EXERCISE DETAILS |
The line holding "And now the durian (461,9,629,141), please." and all lines that follow it to the end of the data: return these exactly, and nothing more.

### MATERIAL FOR THE TASK ###

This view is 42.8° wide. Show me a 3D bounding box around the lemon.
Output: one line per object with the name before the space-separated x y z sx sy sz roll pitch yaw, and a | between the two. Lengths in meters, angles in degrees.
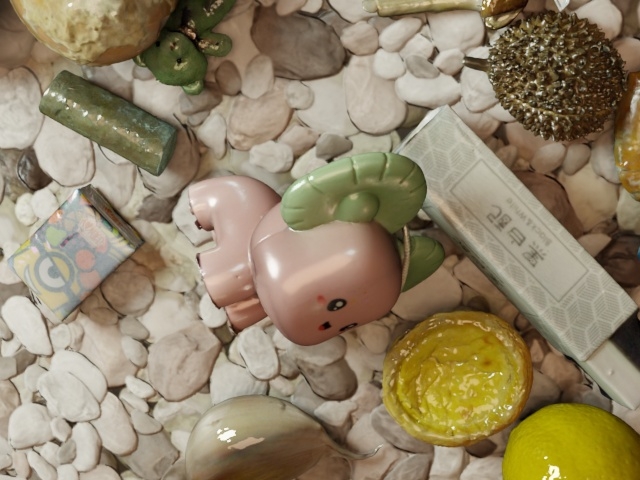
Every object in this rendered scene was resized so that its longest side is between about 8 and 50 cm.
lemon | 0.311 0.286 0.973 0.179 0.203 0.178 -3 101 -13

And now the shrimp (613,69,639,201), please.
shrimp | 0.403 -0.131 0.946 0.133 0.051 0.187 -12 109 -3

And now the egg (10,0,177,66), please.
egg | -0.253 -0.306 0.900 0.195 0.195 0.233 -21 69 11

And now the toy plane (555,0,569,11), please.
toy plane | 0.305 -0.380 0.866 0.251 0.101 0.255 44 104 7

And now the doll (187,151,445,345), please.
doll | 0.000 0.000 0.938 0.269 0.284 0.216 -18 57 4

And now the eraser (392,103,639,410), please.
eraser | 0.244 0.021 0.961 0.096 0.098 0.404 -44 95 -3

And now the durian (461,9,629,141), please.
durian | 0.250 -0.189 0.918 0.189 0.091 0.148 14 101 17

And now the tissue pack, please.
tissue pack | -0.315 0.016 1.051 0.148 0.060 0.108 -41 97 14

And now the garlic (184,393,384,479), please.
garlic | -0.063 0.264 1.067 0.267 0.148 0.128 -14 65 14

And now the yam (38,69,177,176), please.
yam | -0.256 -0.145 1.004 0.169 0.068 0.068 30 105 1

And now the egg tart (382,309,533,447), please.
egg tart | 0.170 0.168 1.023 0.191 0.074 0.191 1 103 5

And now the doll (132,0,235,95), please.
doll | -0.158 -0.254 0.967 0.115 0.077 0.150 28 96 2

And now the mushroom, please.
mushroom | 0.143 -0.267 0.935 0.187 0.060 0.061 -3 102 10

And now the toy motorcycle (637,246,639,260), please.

###

EXPECTED OUTPUT |
And now the durian (461,9,629,141), please.
durian | 0.250 -0.189 0.918 0.189 0.091 0.148 14 101 17

And now the tissue pack, please.
tissue pack | -0.315 0.016 1.051 0.148 0.060 0.108 -41 97 14

And now the garlic (184,393,384,479), please.
garlic | -0.063 0.264 1.067 0.267 0.148 0.128 -14 65 14

And now the yam (38,69,177,176), please.
yam | -0.256 -0.145 1.004 0.169 0.068 0.068 30 105 1

And now the egg tart (382,309,533,447), please.
egg tart | 0.170 0.168 1.023 0.191 0.074 0.191 1 103 5

And now the doll (132,0,235,95), please.
doll | -0.158 -0.254 0.967 0.115 0.077 0.150 28 96 2

And now the mushroom, please.
mushroom | 0.143 -0.267 0.935 0.187 0.060 0.061 -3 102 10

And now the toy motorcycle (637,246,639,260), please.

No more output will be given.